- ACTIVITY
Output only the lines below from the one containing "1. board game box [185, 159, 470, 442]" to the one containing "Return a minified", exactly as written, both ends kept.

- DATA TO PROCESS

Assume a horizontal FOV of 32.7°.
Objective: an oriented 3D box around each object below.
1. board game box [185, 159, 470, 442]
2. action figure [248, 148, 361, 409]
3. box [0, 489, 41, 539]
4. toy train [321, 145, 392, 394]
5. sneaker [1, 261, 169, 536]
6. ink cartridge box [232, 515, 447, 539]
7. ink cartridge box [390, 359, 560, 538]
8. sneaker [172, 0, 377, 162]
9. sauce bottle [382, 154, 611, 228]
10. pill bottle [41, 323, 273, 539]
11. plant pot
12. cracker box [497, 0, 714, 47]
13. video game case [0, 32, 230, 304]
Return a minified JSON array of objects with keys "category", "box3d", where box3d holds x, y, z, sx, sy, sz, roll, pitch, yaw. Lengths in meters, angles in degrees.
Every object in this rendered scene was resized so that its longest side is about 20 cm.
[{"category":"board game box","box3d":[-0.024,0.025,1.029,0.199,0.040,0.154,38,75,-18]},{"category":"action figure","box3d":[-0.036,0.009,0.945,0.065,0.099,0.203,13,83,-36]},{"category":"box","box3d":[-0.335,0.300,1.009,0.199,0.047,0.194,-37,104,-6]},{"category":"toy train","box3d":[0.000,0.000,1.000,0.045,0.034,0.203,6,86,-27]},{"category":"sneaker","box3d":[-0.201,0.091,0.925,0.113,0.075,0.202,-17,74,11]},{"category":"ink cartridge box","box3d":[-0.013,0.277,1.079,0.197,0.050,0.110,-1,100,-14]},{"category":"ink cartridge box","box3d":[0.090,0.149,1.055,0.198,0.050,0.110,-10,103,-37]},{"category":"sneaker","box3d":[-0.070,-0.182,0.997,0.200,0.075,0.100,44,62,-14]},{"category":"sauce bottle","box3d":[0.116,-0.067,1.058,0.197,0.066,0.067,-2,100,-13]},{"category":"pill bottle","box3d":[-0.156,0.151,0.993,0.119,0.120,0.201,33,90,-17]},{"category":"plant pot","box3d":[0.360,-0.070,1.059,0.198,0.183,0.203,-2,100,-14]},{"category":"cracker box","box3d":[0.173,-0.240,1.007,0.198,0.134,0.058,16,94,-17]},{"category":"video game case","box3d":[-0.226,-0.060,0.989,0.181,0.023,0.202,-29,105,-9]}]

...

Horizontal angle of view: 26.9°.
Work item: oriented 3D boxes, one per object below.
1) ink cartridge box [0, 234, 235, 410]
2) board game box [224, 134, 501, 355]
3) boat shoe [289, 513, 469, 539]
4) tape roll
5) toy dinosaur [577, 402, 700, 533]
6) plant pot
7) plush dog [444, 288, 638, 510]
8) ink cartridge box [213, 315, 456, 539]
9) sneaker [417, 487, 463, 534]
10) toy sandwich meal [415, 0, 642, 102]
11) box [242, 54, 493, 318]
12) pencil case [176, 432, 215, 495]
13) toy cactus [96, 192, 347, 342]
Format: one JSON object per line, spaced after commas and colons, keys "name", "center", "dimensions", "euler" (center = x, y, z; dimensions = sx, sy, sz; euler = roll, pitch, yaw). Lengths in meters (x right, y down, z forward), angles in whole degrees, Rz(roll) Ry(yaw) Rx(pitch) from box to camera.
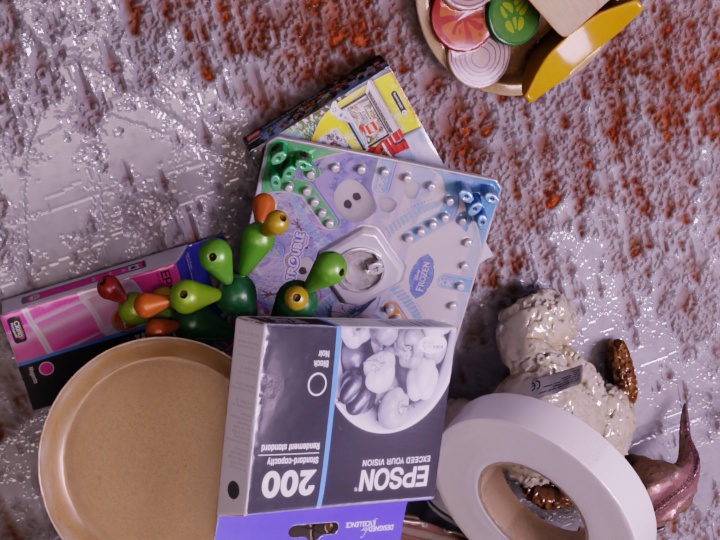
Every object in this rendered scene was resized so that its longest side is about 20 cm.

- EXERCISE SOLUTION
1. board game box [185, 159, 470, 442]
2. action figure [248, 148, 361, 409]
3. box [0, 489, 41, 539]
4. toy train [321, 145, 392, 394]
5. sneaker [1, 261, 169, 536]
6. ink cartridge box [232, 515, 447, 539]
7. ink cartridge box [390, 359, 560, 538]
8. sneaker [172, 0, 377, 162]
9. sauce bottle [382, 154, 611, 228]
10. pill bottle [41, 323, 273, 539]
11. plant pot
12. cracker box [497, 0, 714, 47]
13. video game case [0, 32, 230, 304]
Return a minified JSON array of objects with keys "category", "box3d", where box3d holds x, y, z, sx, sy, sz, roll, pitch, yaw. Lengths in meters, angles in degrees.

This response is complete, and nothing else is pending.